_What the exercise asks:_ Show each line from the listing that includes the word "Rosy".

_Source material:_
☆ ☆ ☆ ☆ ☆

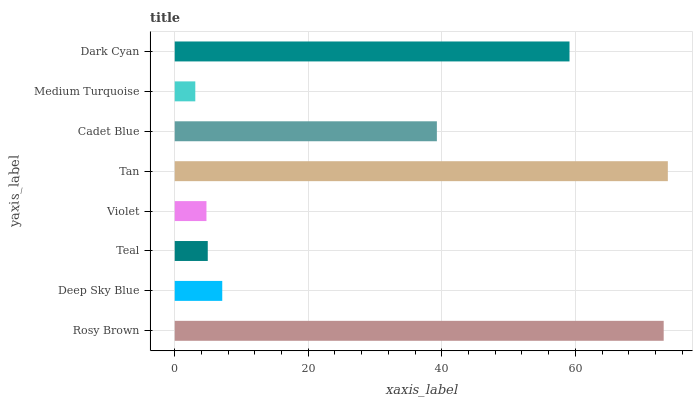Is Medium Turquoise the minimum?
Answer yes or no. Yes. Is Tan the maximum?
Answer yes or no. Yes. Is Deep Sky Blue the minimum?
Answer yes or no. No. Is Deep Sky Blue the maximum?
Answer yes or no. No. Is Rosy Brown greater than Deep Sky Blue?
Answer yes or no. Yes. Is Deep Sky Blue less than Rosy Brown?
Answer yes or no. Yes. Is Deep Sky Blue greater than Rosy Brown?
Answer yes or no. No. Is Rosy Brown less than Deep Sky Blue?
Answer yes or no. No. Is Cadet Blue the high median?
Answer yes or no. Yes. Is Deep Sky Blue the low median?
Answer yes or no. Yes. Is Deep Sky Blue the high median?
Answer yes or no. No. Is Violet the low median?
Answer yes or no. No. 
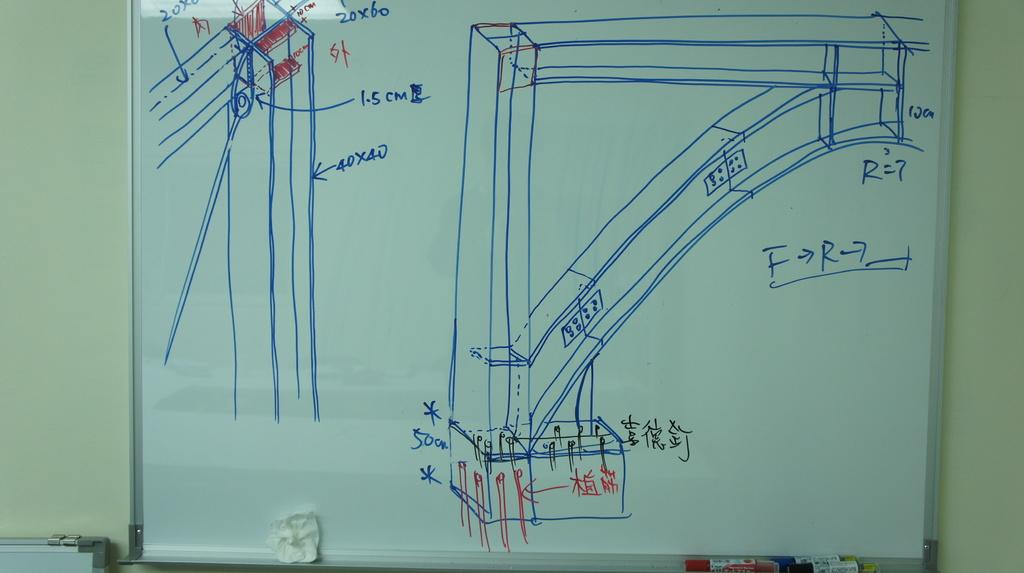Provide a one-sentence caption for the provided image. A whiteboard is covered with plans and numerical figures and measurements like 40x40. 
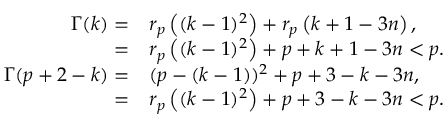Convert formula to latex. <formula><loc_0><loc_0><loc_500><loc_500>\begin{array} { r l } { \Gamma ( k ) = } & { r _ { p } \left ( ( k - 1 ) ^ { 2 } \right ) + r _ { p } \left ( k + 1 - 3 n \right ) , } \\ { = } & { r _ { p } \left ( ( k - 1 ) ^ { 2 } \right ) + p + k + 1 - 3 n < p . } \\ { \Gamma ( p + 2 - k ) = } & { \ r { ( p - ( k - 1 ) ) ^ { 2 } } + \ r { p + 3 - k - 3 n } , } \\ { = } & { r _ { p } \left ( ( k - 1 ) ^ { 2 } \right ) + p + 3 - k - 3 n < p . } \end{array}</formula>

☆ ☆ ☆ ☆ ☆

_Written response:_
Answer yes or no. No. Is Rosy Brown greater than Deep Sky Blue?
Answer yes or no. Yes. Is Deep Sky Blue less than Rosy Brown?
Answer yes or no. Yes. Is Deep Sky Blue greater than Rosy Brown?
Answer yes or no. No. Is Rosy Brown less than Deep Sky Blue?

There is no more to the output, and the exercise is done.